And it begins again
Posted: 2009/11/19 Filed under: 2009 Hang Zhou, China, Hitchcock, Modernity 1 Comment »What has been in the past a travel log and diary sent in small packets to friends and loved ones has become this journal. Perhaps, in its meanderings, it will continue beyond its logical end; that is something to be decided. For now, it begins again in Las Vegas McCarren Airport, as I am about to depart for Hangzhou to teach for what now seems to be far too short a time. I make no representations or promises except to say that I will be neither excessively personal or academic—but friends and academics may disagree. C’est la vie.
Airports are the height of modernity. It is no accident that Marc Augé begins his anthropology of super-modernity with a trip to the airport. Unlike Augé‘s protagonist, I am guessing, I am a little less well kept. My automobile might be as insulated, but my garment bag is packed with dirty suits: a tacit awareness that good dry cleaning is likely easier and less expensive in the place I am going. Last evening was occupied by gluing a loose piece of turquoise into a favorite bracelet and contending with other evidence of my disorganization. Perhaps, in these small preoccupations, I am more like Augé‘s traveler than I care to admit.
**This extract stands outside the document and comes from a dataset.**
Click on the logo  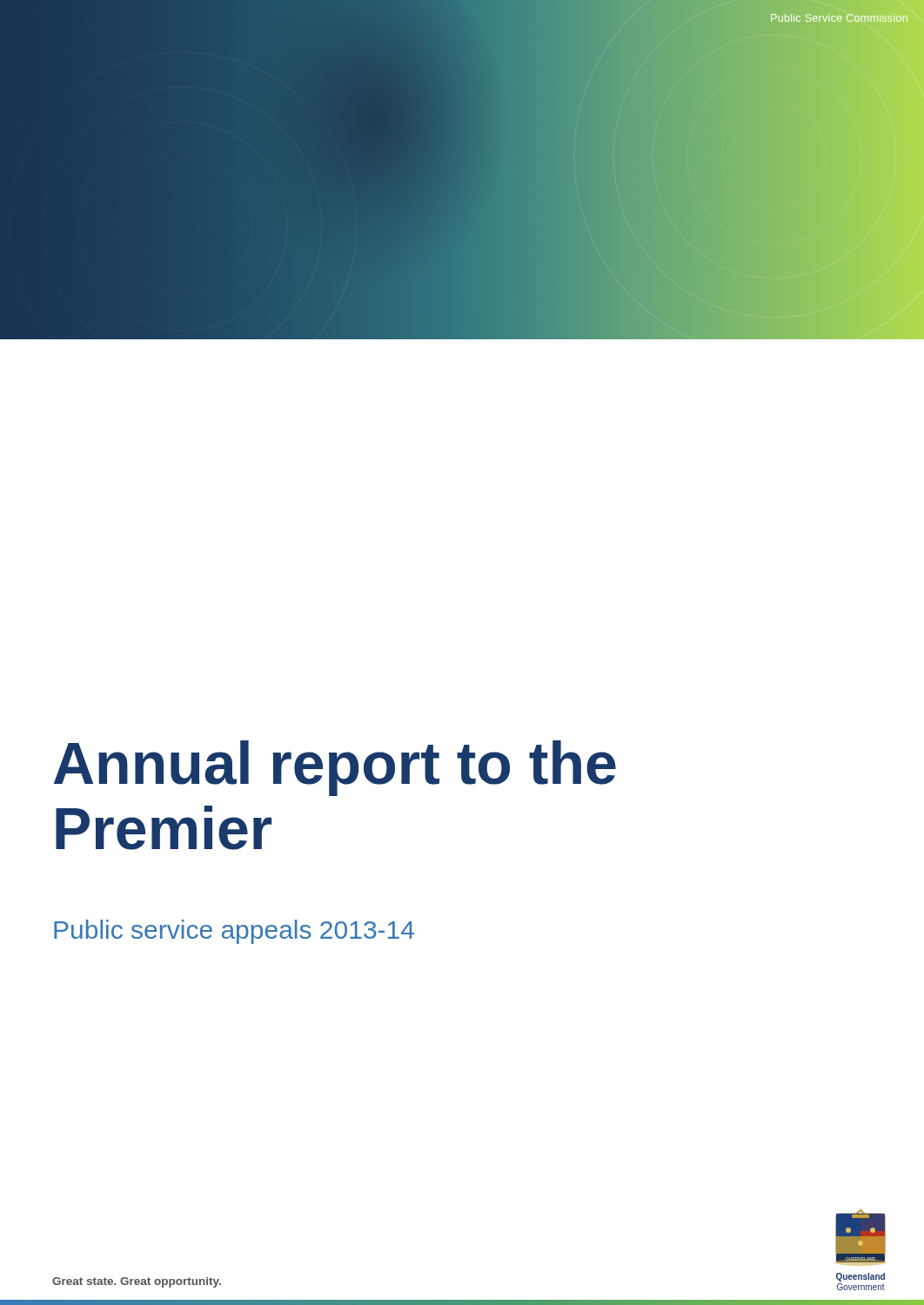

Whether one defines modernity as a condition of displacement, isolation, or one of continual change, the airport, like the railway station before it, epitomizes them all. It is the intersection of shifting time, and people removed from gods and ground; those things that make the story of their place, if they have one at all. Borrowing a page from Hitchcock, we each become Cary Grant moving from scene to scene, handing our dirty suits to a porter for a sponge and press after each narrow escape. Somehow, however, we fair much worse in appearance.
In North by Northwest, Grant’s character boards the 20th Century Limited. Borrowing Augé‘s lens and definitions, it is easy to see in hindsight that these presumed conveniences were in themselves recognized experiential icons of aspirational super-modernity. It is, what the Henry Dreyfus paint stood for: the ability to transpose experience through space and across time. It is, in essence what I am about to do, even if in my casual way, I take it for granted.